Someone with a lantern came down the brick paved walk. "You men ready to get organized?" asked the man with the lantern.

"Sure, sheriff," said Eb. "Sure, we're ready, any time you are. We just been waiting for you to get it figured out."

"Well," said the sheriff, "there ain't much that we can do until it gets light, although that's only a couple hours away. But I thought maybe until it got light enough to see we might take some quick scouts out around. Some of the other boys are going to fan out and cover the town, go up and down all the streets and alleys and I thought maybe some of you might like to have a look along the river."

"That's all right with us," said Eb. "You tell us what you want us to do and we sure will do it."

The sheriff lifted his lantern to shoulder height and looked at them. "Jay Vickers, ain't it? Glad you joined us, Jay. We need all the men there are."

Vickers lied, without knowing why he lied: "I heard some commotion going on."

"Guess you knew the old gent pretty well. Better than the most of us."

"He used to come over and talk to me almost every day," said Vickers.

"I know. We remarked about it.
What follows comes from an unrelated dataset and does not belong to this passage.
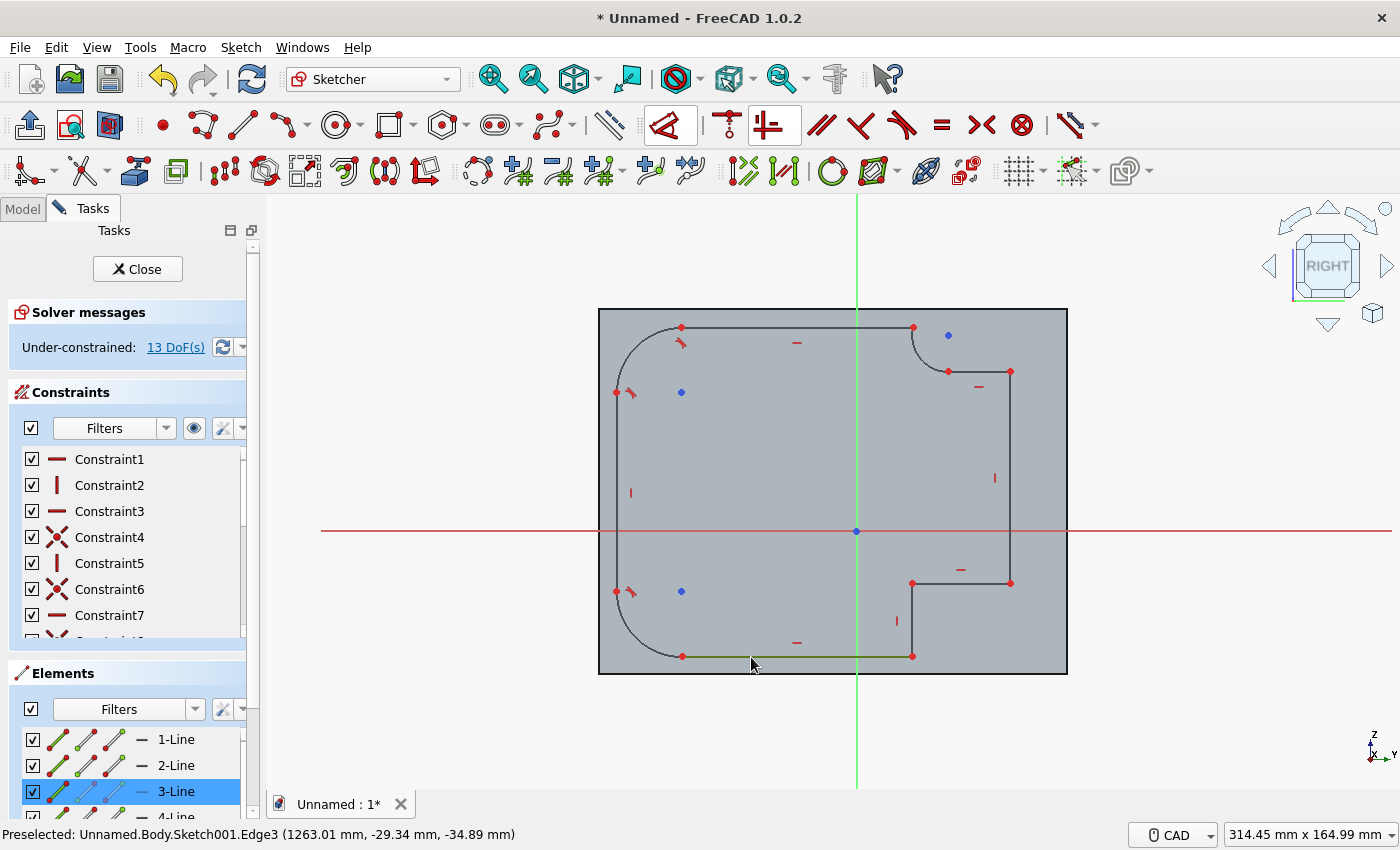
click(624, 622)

He never talked to no one else."

"We had some common interests," Vickers said, "and I think that he was lonely."

"The housekeeper said he went over to see you last night."

"Yes, he did," said Vickers. "He left shortly after midnight." "Notice anything unusual about him? Any difference in the way he talked?"

"Now, look here, sheriff," said Eb. "You don't think that Jay had anything to do with this?"

"No," the sheriff said. "No, I guess I don't." He lowered the lantern and said, "If you fellows would go down to the river. Split up when you get there. Some of you go up-stream and some of you go down. I don't expect you to find anything, but we might as well look. Be back by daylight and we'll really start combing for him."

The sheriff turned away, walking back up the brick pavement, with his lantern swinging.

"I guess," said Eb, "we might as well get started. I'll take one bunch down the river and Joe will take the others up. That all right with the rest of you?"

"It's all right with me," said Joe.

They walked out the gate and down the street until they hit the cross street, then went down to the bridge. They halted there.

"We split up here," said Eb. "Who wants to go with Joe?"

Several men said they would.

"All right," said Eb. "The rest of you come with me." They separated and plunged down from the street to the river bank. Cold river mist lay close along the bank and in the darkness they could hear the swift, smooth tonguing of the river. A night bird cried across the water and looking out to the other bank, one could see the splintered starlight that had shattered itself against the running current.

Eb asked, "You think we'll find him, Jay?"

Vickers spoke slowly. "No, I don't. I can't tell you why, but somehow I am pretty sure we won't."

CHAPTER FOURTEEN

IT WAS early evening before Vickers returned home.

The phone was ringing when he stepped inside the door and he strode across the room and picked it up.

It was Ann Carter. "I've been trying to get you all day. I'm terribly upset. Where have you been?"

"Out looking for a man," said Vickers.

"Jay, don't be funny," she said. "Please don't be funny."

"I'm not being funny. An old man, a neighbor of mine, disappeared. I've been out helping look for him."